::: EXERCISE MATERIALS :::

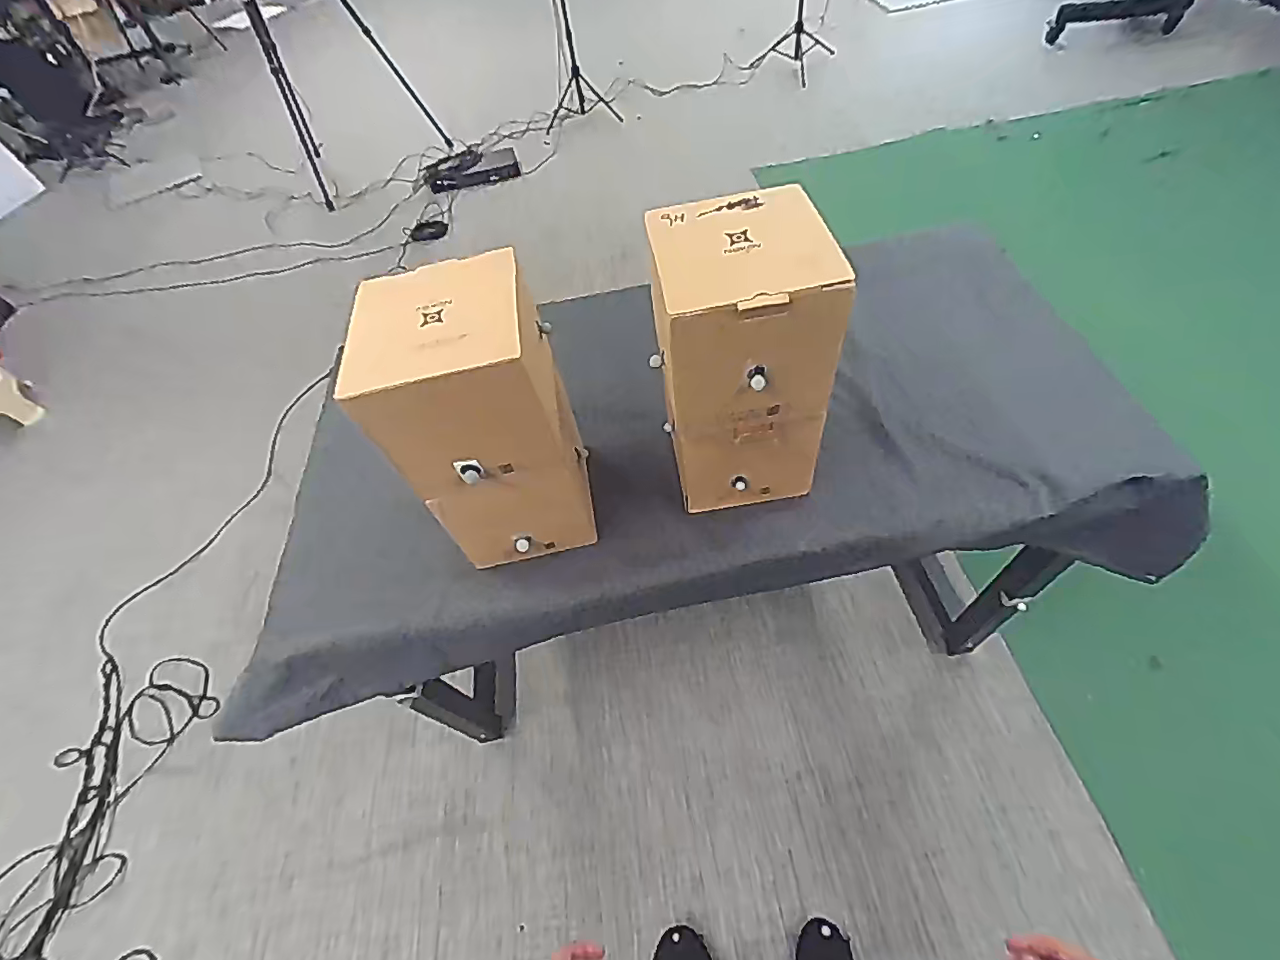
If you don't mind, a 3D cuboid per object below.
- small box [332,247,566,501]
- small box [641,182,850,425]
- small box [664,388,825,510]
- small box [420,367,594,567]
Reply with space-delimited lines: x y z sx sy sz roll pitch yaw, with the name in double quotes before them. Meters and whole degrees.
"small box" -0.182 -0.106 0.564 0.168 0.176 0.179 -14 55 0
"small box" 0.100 -0.174 0.570 0.168 0.176 0.179 -10 55 2
"small box" 0.122 -0.086 0.706 0.168 0.176 0.179 -10 54 1
"small box" -0.162 -0.013 0.696 0.168 0.176 0.179 -13 55 0
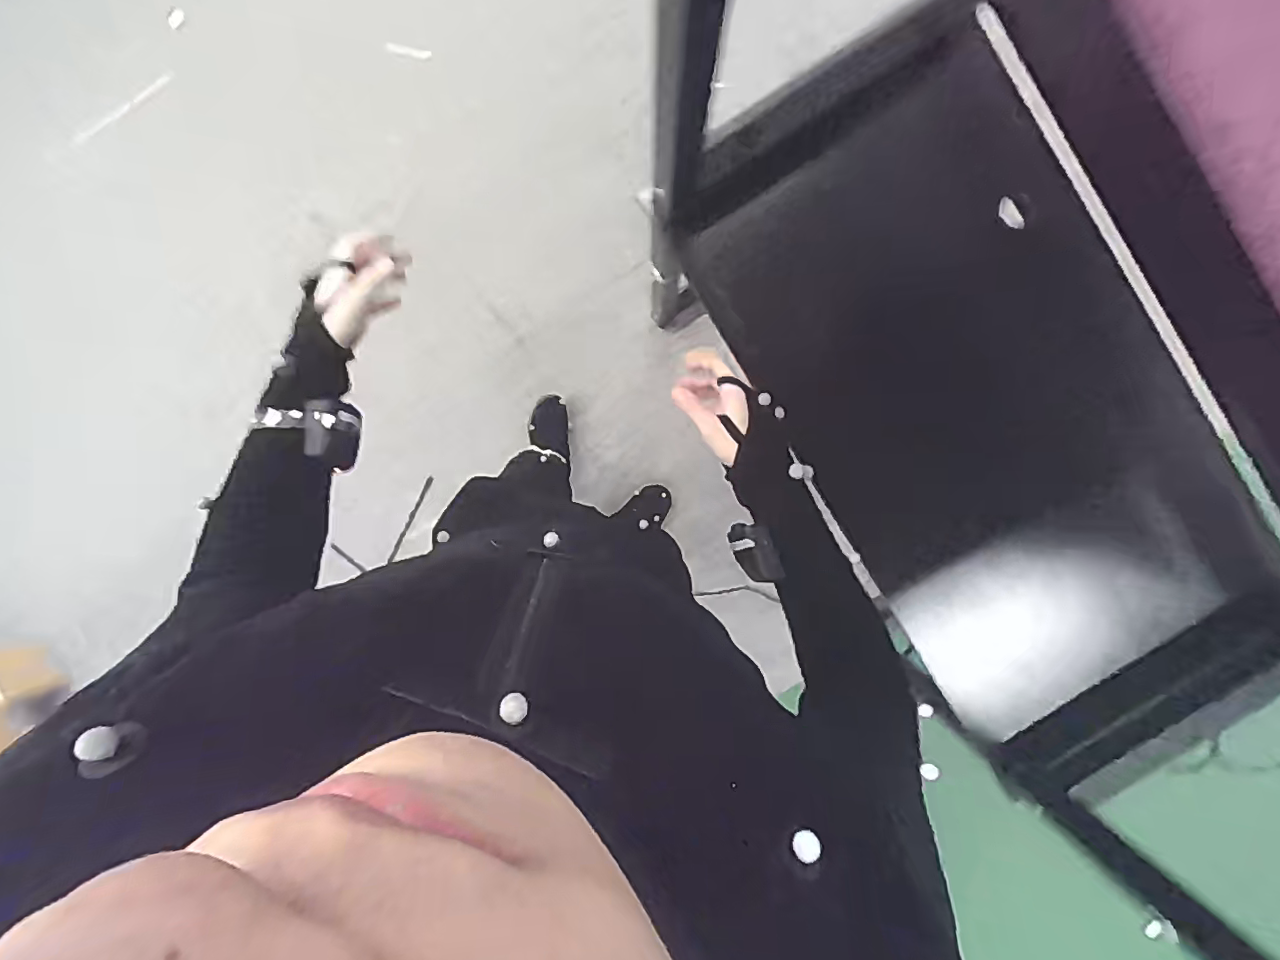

:::

*TASK BRIEF*:
A faithful copy of every entry is needed, omitting each image.

*TASK OUTPUT*:
If you don't mind, a 3D cuboid per object below.
- small box [332,247,566,501]
- small box [641,182,850,425]
- small box [664,388,825,510]
- small box [420,367,594,567]
Reply with space-delimited lines: x y z sx sy sz roll pitch yaw, with the name in double quotes before them. Meters and whole degrees.
"small box" -0.182 -0.106 0.564 0.168 0.176 0.179 -14 55 0
"small box" 0.100 -0.174 0.570 0.168 0.176 0.179 -10 55 2
"small box" 0.122 -0.086 0.706 0.168 0.176 0.179 -10 54 1
"small box" -0.162 -0.013 0.696 0.168 0.176 0.179 -13 55 0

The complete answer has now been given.